START MATERIAL PROVIDED

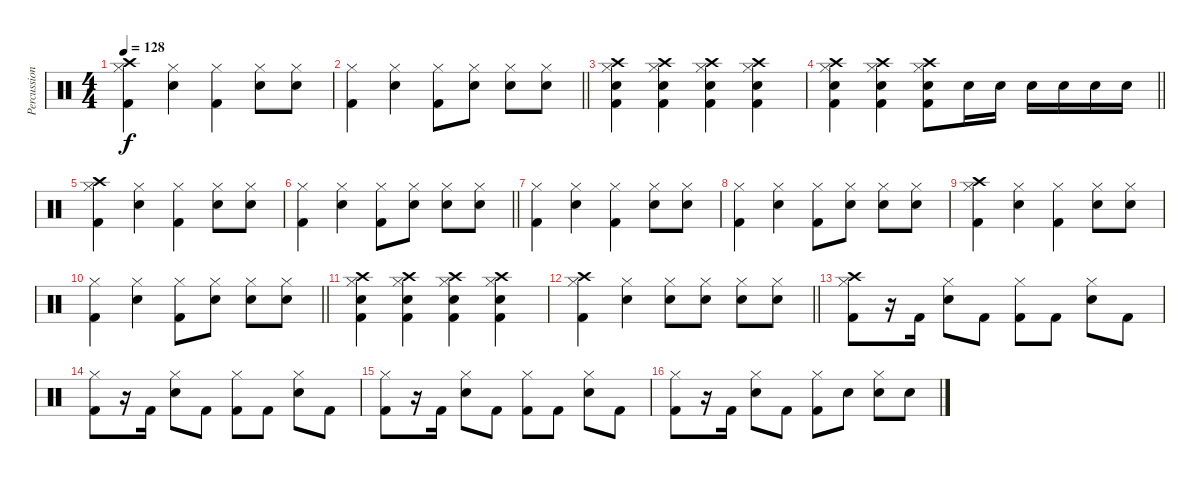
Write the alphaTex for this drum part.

\track ("Percussion" "Percussion") {instrument percussion}
\staff {score}
\articulation defaults
\ts (4 4)
\tempo 128
\clef neutral
\ks c
("Crash high (hit)" "Hi-Hat (closed)" "Kick (hit) 2").4{dy f} ("Hi-Hat (closed)" "Snare (hit) 2").4 ("Hi-Hat (closed)" "Kick (hit) 2").4 ("Hi-Hat (closed)" "Snare (hit) 2").8 ("Hi-Hat (closed)" "Snare (hit) 2").8 |
\barLineRight lightlight
("Hi-Hat (closed)" "Kick (hit) 2").4 ("Hi-Hat (closed)" "Snare (hit) 2").4 ("Hi-Hat (closed)" "Kick (hit) 2").8 ("Hi-Hat (closed)" "Snare (hit) 2").8 ("Hi-Hat (closed)" "Snare (hit) 2").8 ("Hi-Hat (closed)" "Snare (hit) 2").8 |
("Crash high (hit)" "Hi-Hat (closed)" "Kick (hit) 2" "Snare (hit) 2").4 ("Crash high (hit)" "Hi-Hat (closed)" "Kick (hit) 2" "Snare (hit) 2").4 ("Crash high (hit)" "Hi-Hat (closed)" "Kick (hit) 2" "Snare (hit) 2").4 ("Crash high (hit)" "Hi-Hat (closed)" "Kick (hit) 2" "Snare (hit) 2").4 |
\barLineRight lightlight
("Crash high (hit)" "Hi-Hat (closed)" "Kick (hit) 2" "Snare (hit) 2").4 ("Crash high (hit)" "Hi-Hat (closed)" "Kick (hit) 2" "Snare (hit) 2").4 ("Crash high (hit)" "Hi-Hat (closed)" "Kick (hit) 2" "Snare (hit) 2").8 "Snare (hit) 2".16 "Snare (hit) 2".16 "Snare (hit) 2".16 "Snare (hit) 2".16 "Snare (hit) 2".16 "Snare (hit) 2".16 |
("Crash high (hit)" "Hi-Hat (closed)" "Kick (hit) 2").4 ("Hi-Hat (closed)" "Snare (hit) 2").4 ("Hi-Hat (closed)" "Kick (hit) 2").4 ("Hi-Hat (closed)" "Snare (hit) 2").8 ("Hi-Hat (closed)" "Snare (hit) 2").8 |
\barLineRight lightlight
("Hi-Hat (closed)" "Kick (hit) 2").4 ("Hi-Hat (closed)" "Snare (hit) 2").4 ("Hi-Hat (closed)" "Kick (hit) 2").8 ("Hi-Hat (closed)" "Snare (hit) 2").8 ("Hi-Hat (closed)" "Snare (hit) 2").8 ("Hi-Hat (closed)" "Snare (hit) 2").8 |
("Hi-Hat (closed)" "Kick (hit) 2").4 ("Hi-Hat (closed)" "Snare (hit) 2").4 ("Hi-Hat (closed)" "Kick (hit) 2").4 ("Hi-Hat (closed)" "Snare (hit) 2").8 ("Hi-Hat (closed)" "Snare (hit) 2").8 |
("Hi-Hat (closed)" "Kick (hit) 2").4 ("Hi-Hat (closed)" "Snare (hit) 2").4 ("Hi-Hat (closed)" "Kick (hit) 2").8 ("Hi-Hat (closed)" "Snare (hit) 2").8 ("Hi-Hat (closed)" "Snare (hit) 2").8 ("Hi-Hat (closed)" "Snare (hit) 2").8 |
("Crash high (hit)" "Hi-Hat (closed)" "Kick (hit) 2").4 ("Hi-Hat (closed)" "Snare (hit) 2").4 ("Hi-Hat (closed)" "Kick (hit) 2").4 ("Hi-Hat (closed)" "Snare (hit) 2").8 ("Hi-Hat (closed)" "Snare (hit) 2").8 |
\barLineRight lightlight
("Hi-Hat (closed)" "Kick (hit) 2").4 ("Hi-Hat (closed)" "Snare (hit) 2").4 ("Hi-Hat (closed)" "Kick (hit) 2").8 ("Hi-Hat (closed)" "Snare (hit) 2").8 ("Hi-Hat (closed)" "Snare (hit) 2").8 ("Hi-Hat (closed)" "Snare (hit) 2").8 |
("Crash high (hit)" "Hi-Hat (closed)" "Kick (hit) 2" "Snare (hit) 2").4 ("Crash high (hit)" "Hi-Hat (closed)" "Kick (hit) 2" "Snare (hit) 2").4 ("Crash high (hit)" "Hi-Hat (closed)" "Kick (hit) 2" "Snare (hit) 2").4 ("Crash high (hit)" "Hi-Hat (closed)" "Kick (hit) 2" "Snare (hit) 2").4 |
\barLineRight lightlight
("Crash high (hit)" "Hi-Hat (closed)" "Kick (hit) 2").4 ("Hi-Hat (closed)" "Snare (hit) 2").4 ("Hi-Hat (closed)" "Snare (hit) 2").8 ("Hi-Hat (closed)" "Snare (hit) 2").8 ("Hi-Hat (closed)" "Snare (hit) 2").8 ("Hi-Hat (closed)" "Snare (hit) 2").8 |
("Crash high (hit)" "Hi-Hat (closed)" "Kick (hit) 2").8 r.16 "Kick (hit) 2".16 ("Hi-Hat (closed)" "Snare (hit) 2").8 "Kick (hit) 2".8 ("Hi-Hat (closed)" "Kick (hit) 2").8 "Kick (hit) 2".8 ("Hi-Hat (closed)" "Snare (hit) 2").8 "Kick (hit) 2".8 |
("Hi-Hat (closed)" "Kick (hit) 2").8 r.16 "Kick (hit) 2".16 ("Hi-Hat (closed)" "Snare (hit) 2").8 "Kick (hit) 2".8 ("Hi-Hat (closed)" "Kick (hit) 2").8 "Kick (hit) 2".8 ("Hi-Hat (closed)" "Snare (hit) 2").8 "Kick (hit) 2".8 |
("Hi-Hat (closed)" "Kick (hit) 2").8 r.16 "Kick (hit) 2".16 ("Hi-Hat (closed)" "Snare (hit) 2").8 "Kick (hit) 2".8 ("Hi-Hat (closed)" "Kick (hit) 2").8 "Kick (hit) 2".8 ("Hi-Hat (closed)" "Snare (hit) 2").8 "Kick (hit) 2".8 |
("Hi-Hat (closed)" "Kick (hit) 2").8 r.16 "Kick (hit) 2".16 ("Hi-Hat (closed)" "Snare (hit) 2").8 "Kick (hit) 2".8 ("Hi-Hat (closed)" "Kick (hit) 2").8 "Snare (hit) 2".8 ("Hi-Hat (closed)" "Snare (hit) 2").8 "Snare (hit) 2".8

END MATERIAL PROVIDED

PROMPT => Output the data above in full and exactly, with every image left out.

REPLY =>
Write the alphaTex for this drum part.

\track ("Percussion" "Percussion") {instrument percussion}
\staff {score}
\articulation defaults
\ts (4 4)
\tempo 128
\clef neutral
\ks c
("Crash high (hit)" "Hi-Hat (closed)" "Kick (hit) 2").4{dy f} ("Hi-Hat (closed)" "Snare (hit) 2").4 ("Hi-Hat (closed)" "Kick (hit) 2").4 ("Hi-Hat (closed)" "Snare (hit) 2").8 ("Hi-Hat (closed)" "Snare (hit) 2").8 |
\barLineRight lightlight
("Hi-Hat (closed)" "Kick (hit) 2").4 ("Hi-Hat (closed)" "Snare (hit) 2").4 ("Hi-Hat (closed)" "Kick (hit) 2").8 ("Hi-Hat (closed)" "Snare (hit) 2").8 ("Hi-Hat (closed)" "Snare (hit) 2").8 ("Hi-Hat (closed)" "Snare (hit) 2").8 |
("Crash high (hit)" "Hi-Hat (closed)" "Kick (hit) 2" "Snare (hit) 2").4 ("Crash high (hit)" "Hi-Hat (closed)" "Kick (hit) 2" "Snare (hit) 2").4 ("Crash high (hit)" "Hi-Hat (closed)" "Kick (hit) 2" "Snare (hit) 2").4 ("Crash high (hit)" "Hi-Hat (closed)" "Kick (hit) 2" "Snare (hit) 2").4 |
\barLineRight lightlight
("Crash high (hit)" "Hi-Hat (closed)" "Kick (hit) 2" "Snare (hit) 2").4 ("Crash high (hit)" "Hi-Hat (closed)" "Kick (hit) 2" "Snare (hit) 2").4 ("Crash high (hit)" "Hi-Hat (closed)" "Kick (hit) 2" "Snare (hit) 2").8 "Snare (hit) 2".16 "Snare (hit) 2".16 "Snare (hit) 2".16 "Snare (hit) 2".16 "Snare (hit) 2".16 "Snare (hit) 2".16 |
("Crash high (hit)" "Hi-Hat (closed)" "Kick (hit) 2").4 ("Hi-Hat (closed)" "Snare (hit) 2").4 ("Hi-Hat (closed)" "Kick (hit) 2").4 ("Hi-Hat (closed)" "Snare (hit) 2").8 ("Hi-Hat (closed)" "Snare (hit) 2").8 |
\barLineRight lightlight
("Hi-Hat (closed)" "Kick (hit) 2").4 ("Hi-Hat (closed)" "Snare (hit) 2").4 ("Hi-Hat (closed)" "Kick (hit) 2").8 ("Hi-Hat (closed)" "Snare (hit) 2").8 ("Hi-Hat (closed)" "Snare (hit) 2").8 ("Hi-Hat (closed)" "Snare (hit) 2").8 |
("Hi-Hat (closed)" "Kick (hit) 2").4 ("Hi-Hat (closed)" "Snare (hit) 2").4 ("Hi-Hat (closed)" "Kick (hit) 2").4 ("Hi-Hat (closed)" "Snare (hit) 2").8 ("Hi-Hat (closed)" "Snare (hit) 2").8 |
("Hi-Hat (closed)" "Kick (hit) 2").4 ("Hi-Hat (closed)" "Snare (hit) 2").4 ("Hi-Hat (closed)" "Kick (hit) 2").8 ("Hi-Hat (closed)" "Snare (hit) 2").8 ("Hi-Hat (closed)" "Snare (hit) 2").8 ("Hi-Hat (closed)" "Snare (hit) 2").8 |
("Crash high (hit)" "Hi-Hat (closed)" "Kick (hit) 2").4 ("Hi-Hat (closed)" "Snare (hit) 2").4 ("Hi-Hat (closed)" "Kick (hit) 2").4 ("Hi-Hat (closed)" "Snare (hit) 2").8 ("Hi-Hat (closed)" "Snare (hit) 2").8 |
\barLineRight lightlight
("Hi-Hat (closed)" "Kick (hit) 2").4 ("Hi-Hat (closed)" "Snare (hit) 2").4 ("Hi-Hat (closed)" "Kick (hit) 2").8 ("Hi-Hat (closed)" "Snare (hit) 2").8 ("Hi-Hat (closed)" "Snare (hit) 2").8 ("Hi-Hat (closed)" "Snare (hit) 2").8 |
("Crash high (hit)" "Hi-Hat (closed)" "Kick (hit) 2" "Snare (hit) 2").4 ("Crash high (hit)" "Hi-Hat (closed)" "Kick (hit) 2" "Snare (hit) 2").4 ("Crash high (hit)" "Hi-Hat (closed)" "Kick (hit) 2" "Snare (hit) 2").4 ("Crash high (hit)" "Hi-Hat (closed)" "Kick (hit) 2" "Snare (hit) 2").4 |
\barLineRight lightlight
("Crash high (hit)" "Hi-Hat (closed)" "Kick (hit) 2").4 ("Hi-Hat (closed)" "Snare (hit) 2").4 ("Hi-Hat (closed)" "Snare (hit) 2").8 ("Hi-Hat (closed)" "Snare (hit) 2").8 ("Hi-Hat (closed)" "Snare (hit) 2").8 ("Hi-Hat (closed)" "Snare (hit) 2").8 |
("Crash high (hit)" "Hi-Hat (closed)" "Kick (hit) 2").8 r.16 "Kick (hit) 2".16 ("Hi-Hat (closed)" "Snare (hit) 2").8 "Kick (hit) 2".8 ("Hi-Hat (closed)" "Kick (hit) 2").8 "Kick (hit) 2".8 ("Hi-Hat (closed)" "Snare (hit) 2").8 "Kick (hit) 2".8 |
("Hi-Hat (closed)" "Kick (hit) 2").8 r.16 "Kick (hit) 2".16 ("Hi-Hat (closed)" "Snare (hit) 2").8 "Kick (hit) 2".8 ("Hi-Hat (closed)" "Kick (hit) 2").8 "Kick (hit) 2".8 ("Hi-Hat (closed)" "Snare (hit) 2").8 "Kick (hit) 2".8 |
("Hi-Hat (closed)" "Kick (hit) 2").8 r.16 "Kick (hit) 2".16 ("Hi-Hat (closed)" "Snare (hit) 2").8 "Kick (hit) 2".8 ("Hi-Hat (closed)" "Kick (hit) 2").8 "Kick (hit) 2".8 ("Hi-Hat (closed)" "Snare (hit) 2").8 "Kick (hit) 2".8 |
("Hi-Hat (closed)" "Kick (hit) 2").8 r.16 "Kick (hit) 2".16 ("Hi-Hat (closed)" "Snare (hit) 2").8 "Kick (hit) 2".8 ("Hi-Hat (closed)" "Kick (hit) 2").8 "Snare (hit) 2".8 ("Hi-Hat (closed)" "Snare (hit) 2").8 "Snare (hit) 2".8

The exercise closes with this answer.